Supermarkets have been the worst retail vertical hit by shelf gaps as supply chain disruption sees shoppers faced with poor stock availability at the shelf edge in the run-up to Christmas, the latest research from Pricer, the world’s most reliable provider of ESLs (Electronic Shelf Labels), reveals.
Original research of over 2,000 UK shoppers in Pricer’s latest report showed that six in ten (61 per cent) are currently reporting in-store shelf gaps in supermarkets, with the issue of out-of-stocks also extending to grocers’ digital shelves and eCommerce inventory availability also impacted; 43 per cent of UK shoppers reported noticing a growing number of missing items from their online grocery orders.
DIY and Homeware retail was also being hit by ongoing supply chain issues, with 49 per cent of shoppers currently experiencing out of stocks in-store, while 40 per cent said finding the DIY products they needed online was increasingly difficult.

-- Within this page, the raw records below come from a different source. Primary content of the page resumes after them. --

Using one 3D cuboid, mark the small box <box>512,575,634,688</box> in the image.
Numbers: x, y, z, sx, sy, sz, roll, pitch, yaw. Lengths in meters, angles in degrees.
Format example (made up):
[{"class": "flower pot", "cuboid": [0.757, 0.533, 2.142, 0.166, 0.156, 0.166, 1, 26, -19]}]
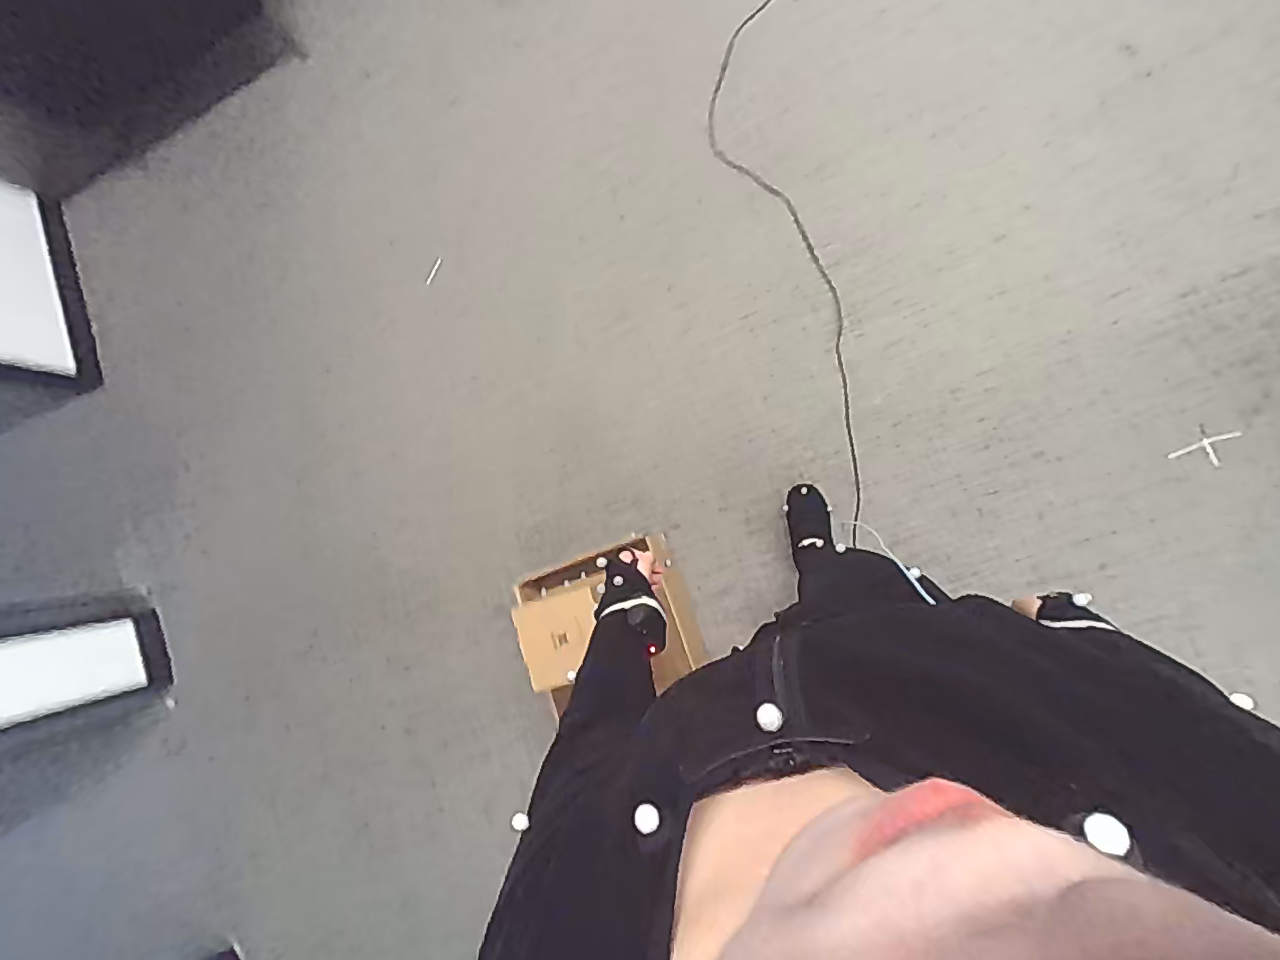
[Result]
[{"class": "small box", "cuboid": [-0.132, 0.305, 1.116, 0.179, 0.176, 0.168, -19, 84, 13]}]
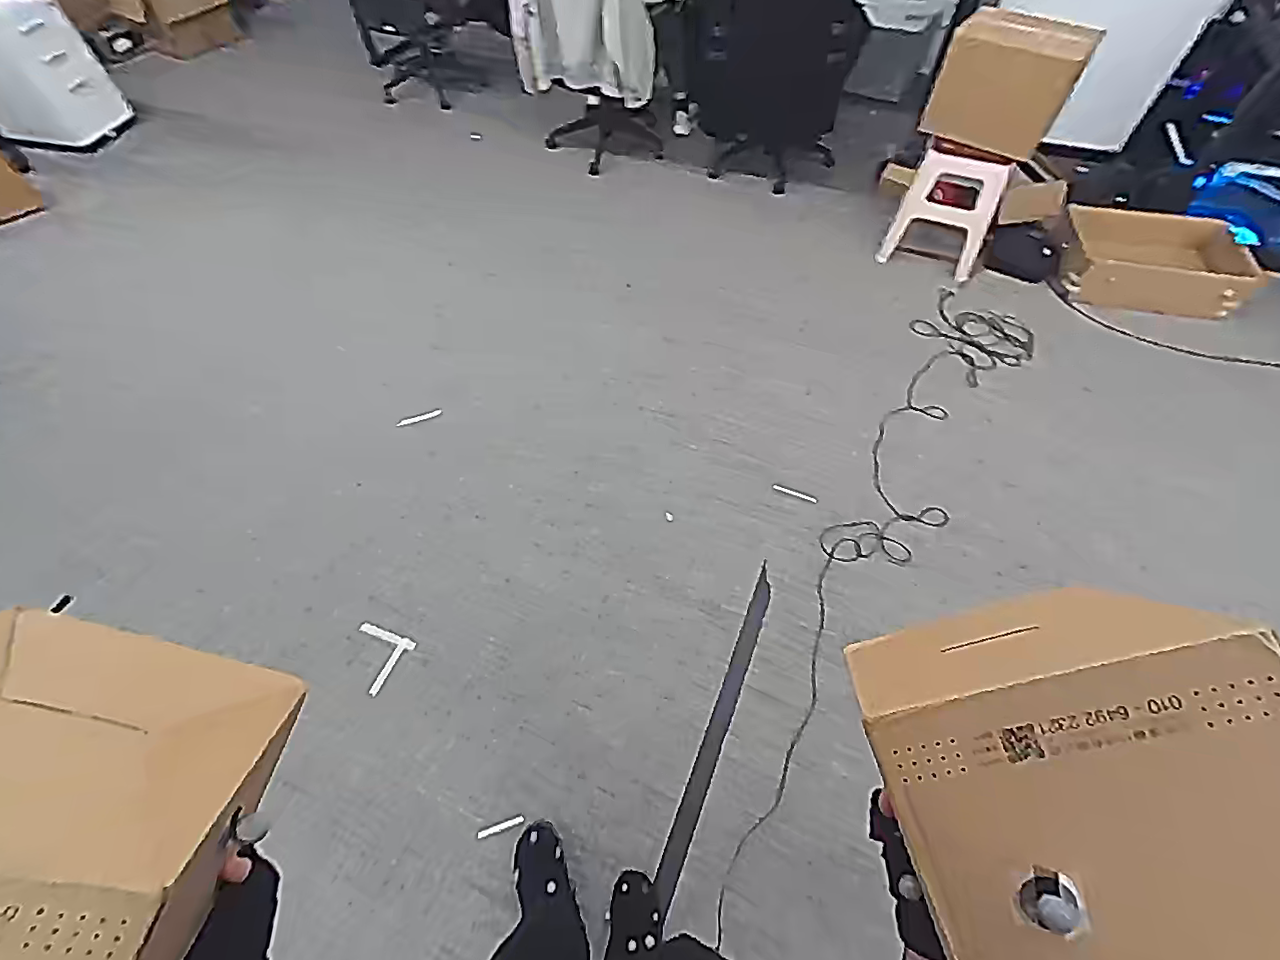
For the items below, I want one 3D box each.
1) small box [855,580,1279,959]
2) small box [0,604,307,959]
[{"bbox_3d":[0.232,0.160,0.299,0.168,0.179,0.176,-19,79,15],"label":"small box"},{"bbox_3d":[-0.296,0.176,0.253,0.168,0.179,0.176,24,87,-16],"label":"small box"}]

Almost half (47 per cent) of UK shoppers are also experiencing shelf gaps when buying electricals, with Currys, one of the UK’s leading electronics retailers, warning of shortages due to supply chain strains.
Over a third of consumers were hit by goods shortages in November according to the ONS, with 36 per cent of adults experiencing out-of-stocks, with Brexit and the covid-19 supply chain pressures blamed for low stock availability. M&S recently warned it faces shelf gaps until spring, while Joules said it expected stock delays in the run up to Christmas. Meanwhile, stock availability is also facing disruption by other market dynamics; Tesco shoppers, for example, are being warned they could face empty shelves over the Christmas period, as warehouse staff are set to walk out on strike action over a pay dispute on 20 December.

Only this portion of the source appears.